How to improve your DORA metrics
Improving DORA metrics is a practical way for DevOps teams to boost software delivery performance. Here’s how to address each metric:
Deployment frequency
Increasing deployment frequency often means shifting to smaller, more frequent releases. Feature flagging tools like Tggl allow teams to deploy code continuously while controlling when features are visible to users. This approach minimizes the risk of large releases and allows teams to test changes incrementally.
Lead time for changes
Reducing lead time for changes requires efficient code review, testing, and deployment processes. Automating testing and integrating continuous integration (CI) pipelines can speed up the movement from code commit to release. Using tools like Tggl to manage feature flags also reduces bottlenecks, letting you release updates without waiting on full deployment processes.
Mean time to recovery (MTTR)
MTTR can be improved by having a strong incident response plan, clear monitoring and alerting systems, and the ability to roll back problematic changes quickly. Using feature flags with Tggl, for example, teams can turn off faulty features without redeploying, which speeds up recovery time and reduces downtime for users.
Change failure rate
Lowering the change failure rate depends on strong testing and quality assurance practices.
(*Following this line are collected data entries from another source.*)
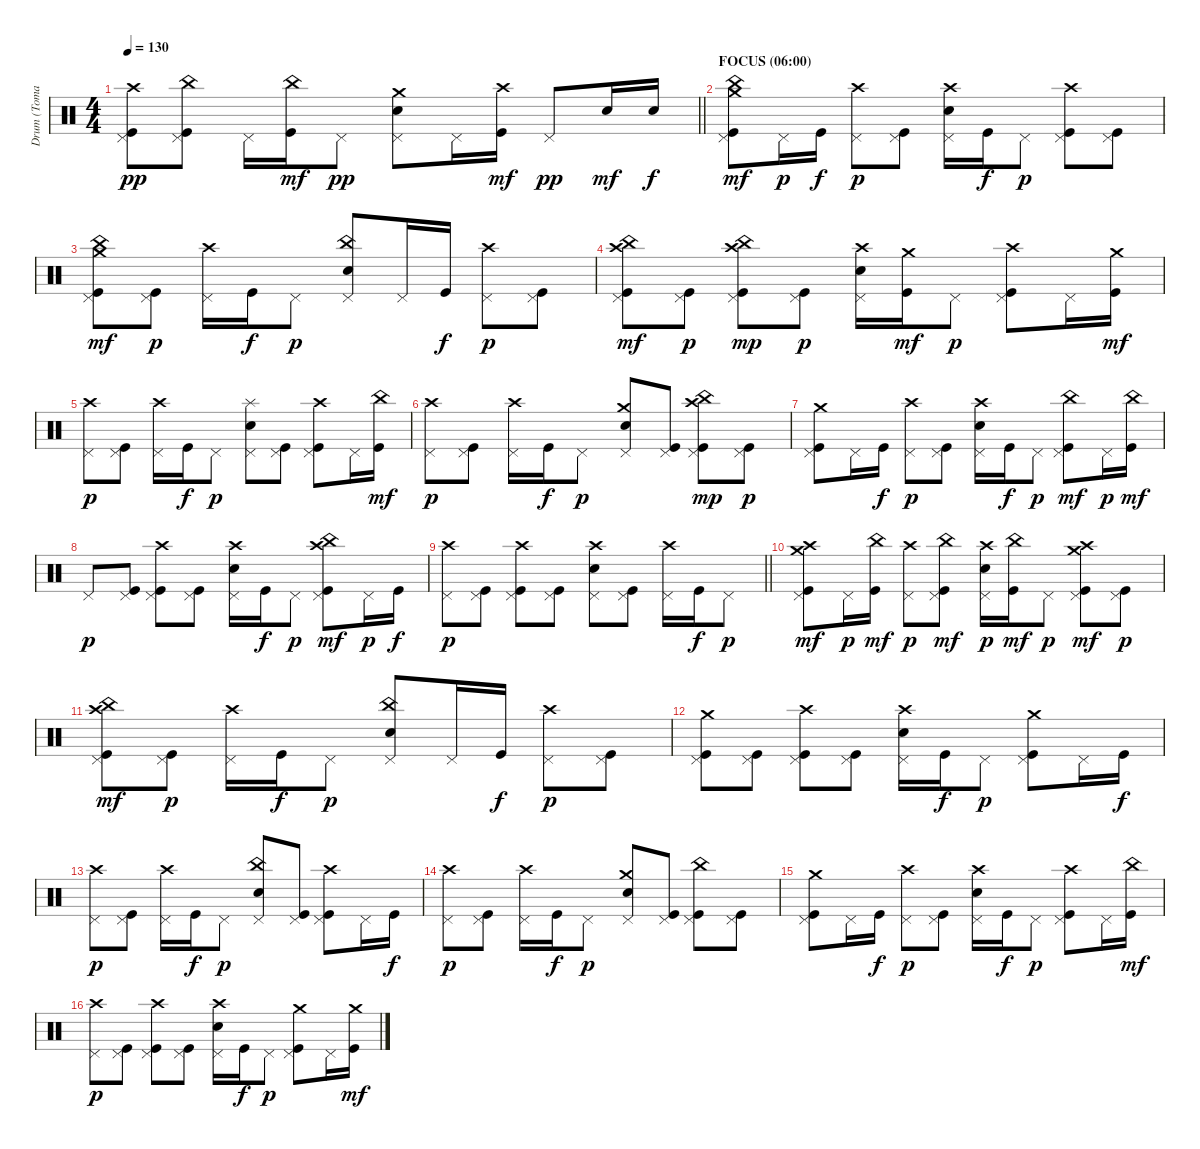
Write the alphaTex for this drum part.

\track ("Drum (Tomas Haake)" "Drum (Toma") {instrument percussion}
\staff {score}
\articulation defaults
\ts (4 4)
\tempo 130
\clef neutral
\barLineRight lightlight
\ks c
("Crash high (hit)" "Pedal Hi-Hat (hit)" "Kick (hit)").8{dy pp} ("China (hit)" "Pedal Hi-Hat (hit)" "Kick (hit)").8 "Pedal Hi-Hat (hit)".16 ("China (hit)" "Kick (hit)").16{dy mf} "Pedal Hi-Hat (hit)".8{dy pp} ("Crash medium (hit)" "Pedal Hi-Hat (hit)" "Electric Snare (hit)").8 "Pedal Hi-Hat (hit)".16 ("Crash high (hit)" "Kick (hit)").16{dy mf} "Pedal Hi-Hat (hit)".8{dy pp} "Electric Snare (hit)".16{dy mf} "Electric Snare (hit)".16{dy f} |
\section ("" "FOCUS (06:00)")
("Crash medium (hit)" "Pedal Hi-Hat (hit)" "China (hit)" "Kick (hit)").8{dy mf} "Pedal Hi-Hat (hit)".16{dy p} "Kick (hit)".16{dy f} ("Crash high (hit)" "Pedal Hi-Hat (hit)").8{dy p} ("Pedal Hi-Hat (hit)" "Kick (hit)").8 ("Crash high (hit)" "Pedal Hi-Hat (hit)" "Electric Snare (hit)").16 "Kick (hit)".16{dy f} "Pedal Hi-Hat (hit)".8{dy p} ("Crash high (hit)" "Pedal Hi-Hat (hit)" "Kick (hit)").8 ("Pedal Hi-Hat (hit)" "Kick (hit)").8 |
("Crash medium (hit)" "Pedal Hi-Hat (hit)" "China (hit)" "Kick (hit)").8{dy mf} ("Pedal Hi-Hat (hit)" "Kick (hit)").8{dy p} ("Crash high (hit)" "Pedal Hi-Hat (hit)").16 "Kick (hit)".16{dy f} "Pedal Hi-Hat (hit)".8{dy p} ("China (hit)" "Pedal Hi-Hat (hit)" "Electric Snare (hit)").8 "Pedal Hi-Hat (hit)".16 "Kick (hit)".16{dy f} ("Crash high (hit)" "Pedal Hi-Hat (hit)").8{dy p} ("Pedal Hi-Hat (hit)" "Kick (hit)").8 |
("Crash high (hit)" "Pedal Hi-Hat (hit)" "China (hit)" "Kick (hit)").8{dy mf} ("Pedal Hi-Hat (hit)" "Kick (hit)").8{dy p} ("Crash high (hit)" "Pedal Hi-Hat (hit)" "China (hit)" "Kick (hit)").8{dy mp} ("Pedal Hi-Hat (hit)" "Kick (hit)").8{dy p} ("Crash high (hit)" "Pedal Hi-Hat (hit)" "Electric Snare (hit)").16 ("Crash medium (hit)" "Kick (hit)").16{dy mf} "Pedal Hi-Hat (hit)".8{dy p} ("Crash high (hit)" "Pedal Hi-Hat (hit)" "Kick (hit)").8 "Pedal Hi-Hat (hit)".16 ("Crash medium (hit)" "Kick (hit)").16{dy mf} |
("Crash high (hit)" "Pedal Hi-Hat (hit)").8{dy p} ("Pedal Hi-Hat (hit)" "Kick (hit)").8 ("Crash high (hit)" "Pedal Hi-Hat (hit)").16 "Kick (hit)".16{dy f} "Pedal Hi-Hat (hit)".8{dy p} ("Splash (hit)" "Pedal Hi-Hat (hit)" "Electric Snare (hit)").8 ("Pedal Hi-Hat (hit)" "Kick (hit)").8 ("Crash high (hit)" "Pedal Hi-Hat (hit)" "Kick (hit)").8 "Pedal Hi-Hat (hit)".16 ("China (hit)" "Kick (hit)").16{dy mf} |
("Crash high (hit)" "Pedal Hi-Hat (hit)").8{dy p} ("Pedal Hi-Hat (hit)" "Kick (hit)").8 ("Crash high (hit)" "Pedal Hi-Hat (hit)").16 "Kick (hit)".16{dy f} "Pedal Hi-Hat (hit)".8{dy p} ("Crash medium (hit)" "Pedal Hi-Hat (hit)" "Electric Snare (hit)").8 ("Pedal Hi-Hat (hit)" "Kick (hit)").8 ("Crash high (hit)" "Pedal Hi-Hat (hit)" "China (hit)" "Kick (hit)").8{dy mp} ("Pedal Hi-Hat (hit)" "Kick (hit)").8{dy p} |
("Crash medium (hit)" "Pedal Hi-Hat (hit)" "Kick (hit)").8 "Pedal Hi-Hat (hit)".16 "Kick (hit)".16{dy f} ("Crash high (hit)" "Pedal Hi-Hat (hit)").8{dy p} ("Pedal Hi-Hat (hit)" "Kick (hit)").8 ("Crash high (hit)" "Pedal Hi-Hat (hit)" "Electric Snare (hit)").16 "Kick (hit)".16{dy f} "Pedal Hi-Hat (hit)".8{dy p} ("Pedal Hi-Hat (hit)" "China (hit)" "Kick (hit)").8{dy mf} "Pedal Hi-Hat (hit)".16{dy p} ("China (hit)" "Kick (hit)").16{dy mf} |
"Pedal Hi-Hat (hit)".8{dy p} ("Pedal Hi-Hat (hit)" "Kick (hit)").8 ("Crash high (hit)" "Pedal Hi-Hat (hit)" "Kick (hit)").8 ("Pedal Hi-Hat (hit)" "Kick (hit)").8 ("Crash high (hit)" "Pedal Hi-Hat (hit)" "Electric Snare (hit)").16 "Kick (hit)".16{dy f} "Pedal Hi-Hat (hit)".8{dy p} ("Crash high (hit)" "Pedal Hi-Hat (hit)" "China (hit)" "Kick (hit)").8{dy mf} "Pedal Hi-Hat (hit)".16{dy p} "Kick (hit)".16{dy f} |
\barLineRight lightlight
("Crash high (hit)" "Pedal Hi-Hat (hit)").8{dy p} ("Pedal Hi-Hat (hit)" "Kick (hit)").8 ("Crash high (hit)" "Pedal Hi-Hat (hit)" "Kick (hit)").8 ("Pedal Hi-Hat (hit)" "Kick (hit)").8 ("Crash high (hit)" "Pedal Hi-Hat (hit)" "Electric Snare (hit)").8 ("Pedal Hi-Hat (hit)" "Kick (hit)").8 ("Crash high (hit)" "Pedal Hi-Hat (hit)").16 "Kick (hit)".16{dy f} "Pedal Hi-Hat (hit)".8{dy p} |
("Crash high (hit)" "Pedal Hi-Hat (hit)" "Crash medium (hit)" "Kick (hit)").8{dy mf} "Pedal Hi-Hat (hit)".16{dy p} ("China (hit)" "Kick (hit)").16{dy mf} ("Crash high (hit)" "Pedal Hi-Hat (hit)").8{dy p} ("Pedal Hi-Hat (hit)" "China (hit)" "Kick (hit)").8{dy mf} ("Crash high (hit)" "Pedal Hi-Hat (hit)" "Electric Snare (hit)").16{dy p} ("China (hit)" "Kick (hit)").16{dy mf} "Pedal Hi-Hat (hit)".8{dy p} ("Crash high (hit)" "Pedal Hi-Hat (hit)" "Crash medium (hit)" "Kick (hit)").8{dy mf} ("Pedal Hi-Hat (hit)" "Kick (hit)").8{dy p} |
("Crash high (hit)" "Pedal Hi-Hat (hit)" "China (hit)" "Kick (hit)").8{dy mf} ("Pedal Hi-Hat (hit)" "Kick (hit)").8{dy p} ("Crash high (hit)" "Pedal Hi-Hat (hit)").16 "Kick (hit)".16{dy f} "Pedal Hi-Hat (hit)".8{dy p} ("China (hit)" "Pedal Hi-Hat (hit)" "Electric Snare (hit)").8 "Pedal Hi-Hat (hit)".16 "Kick (hit)".16{dy f} ("Crash high (hit)" "Pedal Hi-Hat (hit)").8{dy p} ("Pedal Hi-Hat (hit)" "Kick (hit)").8 |
("Crash medium (hit)" "Pedal Hi-Hat (hit)" "Kick (hit)").8 ("Pedal Hi-Hat (hit)" "Kick (hit)").8 ("Crash high (hit)" "Pedal Hi-Hat (hit)" "Kick (hit)").8 ("Pedal Hi-Hat (hit)" "Kick (hit)").8 ("Crash high (hit)" "Pedal Hi-Hat (hit)" "Electric Snare (hit)").16 "Kick (hit)".16{dy f} "Pedal Hi-Hat (hit)".8{dy p} ("Crash medium (hit)" "Pedal Hi-Hat (hit)" "Kick (hit)").8 "Pedal Hi-Hat (hit)".16 "Kick (hit)".16{dy f} |
("Crash high (hit)" "Pedal Hi-Hat (hit)").8{dy p} ("Pedal Hi-Hat (hit)" "Kick (hit)").8 ("Crash high (hit)" "Pedal Hi-Hat (hit)").16 "Kick (hit)".16{dy f} "Pedal Hi-Hat (hit)".8{dy p} ("China (hit)" "Pedal Hi-Hat (hit)" "Electric Snare (hit)").8 ("Pedal Hi-Hat (hit)" "Kick (hit)").8 ("Crash high (hit)" "Pedal Hi-Hat (hit)" "Kick (hit)").8 "Pedal Hi-Hat (hit)".16 "Kick (hit)".16{dy f} |
("Crash high (hit)" "Pedal Hi-Hat (hit)").8{dy p} ("Pedal Hi-Hat (hit)" "Kick (hit)").8 ("Crash high (hit)" "Pedal Hi-Hat (hit)").16 "Kick (hit)".16{dy f} "Pedal Hi-Hat (hit)".8{dy p} ("Crash medium (hit)" "Pedal Hi-Hat (hit)" "Electric Snare (hit)").8 ("Pedal Hi-Hat (hit)" "Kick (hit)").8 ("China (hit)" "Pedal Hi-Hat (hit)" "Kick (hit)").8 ("Pedal Hi-Hat (hit)" "Kick (hit)").8 |
("Crash medium (hit)" "Pedal Hi-Hat (hit)" "Kick (hit)").8 "Pedal Hi-Hat (hit)".16 "Kick (hit)".16{dy f} ("Crash high (hit)" "Pedal Hi-Hat (hit)").8{dy p} ("Pedal Hi-Hat (hit)" "Kick (hit)").8 ("Crash high (hit)" "Pedal Hi-Hat (hit)" "Electric Snare (hit)").16 "Kick (hit)".16{dy f} "Pedal Hi-Hat (hit)".8{dy p} ("Crash high (hit)" "Pedal Hi-Hat (hit)" "Kick (hit)").8 "Pedal Hi-Hat (hit)".16 ("China (hit)" "Kick (hit)").16{dy mf} |
("Crash high (hit)" "Pedal Hi-Hat (hit)").8{dy p} ("Pedal Hi-Hat (hit)" "Kick (hit)").8 ("Crash high (hit)" "Pedal Hi-Hat (hit)" "Kick (hit)").8 ("Pedal Hi-Hat (hit)" "Kick (hit)").8 ("Crash high (hit)" "Pedal Hi-Hat (hit)" "Electric Snare (hit)").16 "Kick (hit)".16{dy f} "Pedal Hi-Hat (hit)".8{dy p} ("Crash medium (hit)" "Pedal Hi-Hat (hit)" "Kick (hit)").8 "Pedal Hi-Hat (hit)".16 ("Crash medium (hit)" "Kick (hit)").16{dy mf}

Running comprehensive tests before deployment, implementing robust error-checking systems, and using feature flags to roll out changes gradually all help reduce failure rates. With tools like Tggl, teams can limit risky changes to a small percentage of users first, minimizing exposure if issues arise.
By applying these strategies, DevOps teams can improve their DORA metrics, leading to faster, more reliable releases.
How Swan improved DORA metrics with Tggl
To see how DORA metrics can be improved with the right tools, let’s look at Swan, a fintech company focused on secure, high-quality software delivery. Swan used Tggl’s feature flagging capabilities to refine their deployment process and improve their DORA metrics, particularly in deployment frequency and lead time for changes.
With Tggl, Swan was able to:
- Increase deployment frequency: Feature flags allowed Swan to release new features continuously, making small, incremental updates rather than waiting for larger releases. This approach increased deployment frequency without compromising quality or security.
- Reduce lead time for changes: Tggl’s ability to manage feature rollouts gave Swan the flexibility to make changes quickly. By using feature flags, they could commit code and control its visibility, reducing the time between code completion and live deployment.
By leveraging Tggl’s tools, Swan improved their speed and resilience in software delivery, supporting a DevOps culture of faster, more reliable releases. You can read more about Swan’s experience with Tggl and how it helped them meet their DORA goals here.
Conclusion
DORA metrics offer a powerful way to track and improve software delivery performance, giving teams actionable insights into deployment speed, stability, and resilience. By focusing on deployment frequency, lead time for changes, mean time to recovery, and change failure rate, DevOps teams can pinpoint specific areas for improvement and drive more reliable releases.
To make real progress with DORA metrics, it’s essential to adopt practical strategies—like feature flagging for frequent deployments, automated testing to reduce lead time, and robust monitoring to speed up recovery times. Tools like Tggl play a key role in achieving these improvements, allowing teams to deploy changes incrementally, quickly recover from issues, and control risk with precision.
With a commitment to tracking and optimizing DORA metrics, development teams can boost their speed and reliability, delivering better software that meets user expectations and business goals.